Why is it that these threads always turn into a micro-analysis of how fat a size x is. It’s so fucking tedious. The OP only mentioned her size as an illustration that she had put on weight that had changed her body shape. Two pages of whether you are obese at a size 14 is completely irrelevant to the OPs question.

sergeilavrov · 01/09/2019 07:09

OP hasn’t asked for advice on losing weight. She doesn’t want to, and that’s absolutely fine - the key thing is that she is comfortable with herself. Why is everyone pushing her to do something she doesn’t want to do?? Her body, her rules.

If you want to set him straight, write a letter about how proud you are of your body, how much it has worked, and how you feel so beautiful because of that pride and self respect. Tell him that his continual, unasked for comments are chiseling away at that, that they make it clear he isn’t as proud of your body’s achievements as you are and they need to stop. It’s easier to get things down on paper sometimes, and if you pass it to him when you’re just going out, he has time to reflect on it in a non confrontational way.

stayathomer · 01/09/2019 07:11

I think when you start seeing how excercise and healthy eating can make you feel and look better you automatically start pushing it onto other people. You don't mean to, but even subtly you're trying to let them know that they can feel as great as you. If he's mean about it or saying he couldn't have sex with you obviously he is being ridiculously unreasonable and horrible, but it's just that he knows how great it feels when you get fitter, feel better and or lose weight and he thinks he's steering you in the right direction.

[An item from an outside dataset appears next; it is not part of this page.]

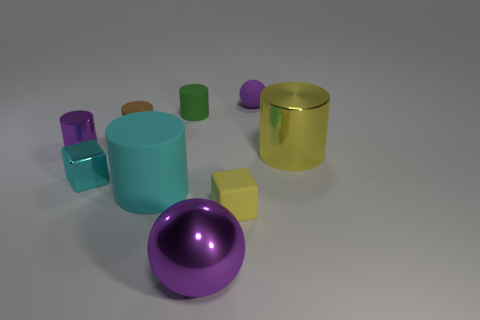Subtract all brown cylinders. How many cylinders are left? 4 Subtract 1 cylinders. How many cylinders are left? 4 Subtract all yellow cylinders. How many cylinders are left? 4 Subtract all green cylinders. Subtract all brown balls. How many cylinders are left? 4 Subtract all cubes. How many objects are left? 7 Add 4 green things. How many green things are left? 5 Add 7 large yellow metallic cylinders. How many large yellow metallic cylinders exist? 8 Subtract 0 green blocks. How many objects are left? 9 Subtract all large cyan rubber things. Subtract all small balls. How many objects are left? 7

Broken11Girl · 01/09/2019 07:12

He has an eating disorder by the sound of it.

MsTSwift · 01/09/2019 07:12

I’m 12-14 and women my age (44) who are super skinny gym bunnies look a little gaunt and drawn. I think our size is ideal for middle age. Or so I tell myself.
Sadly for me dh has taken up an intense sport and now has the body of a Greek god. I would have to literally kill myself to compete with that.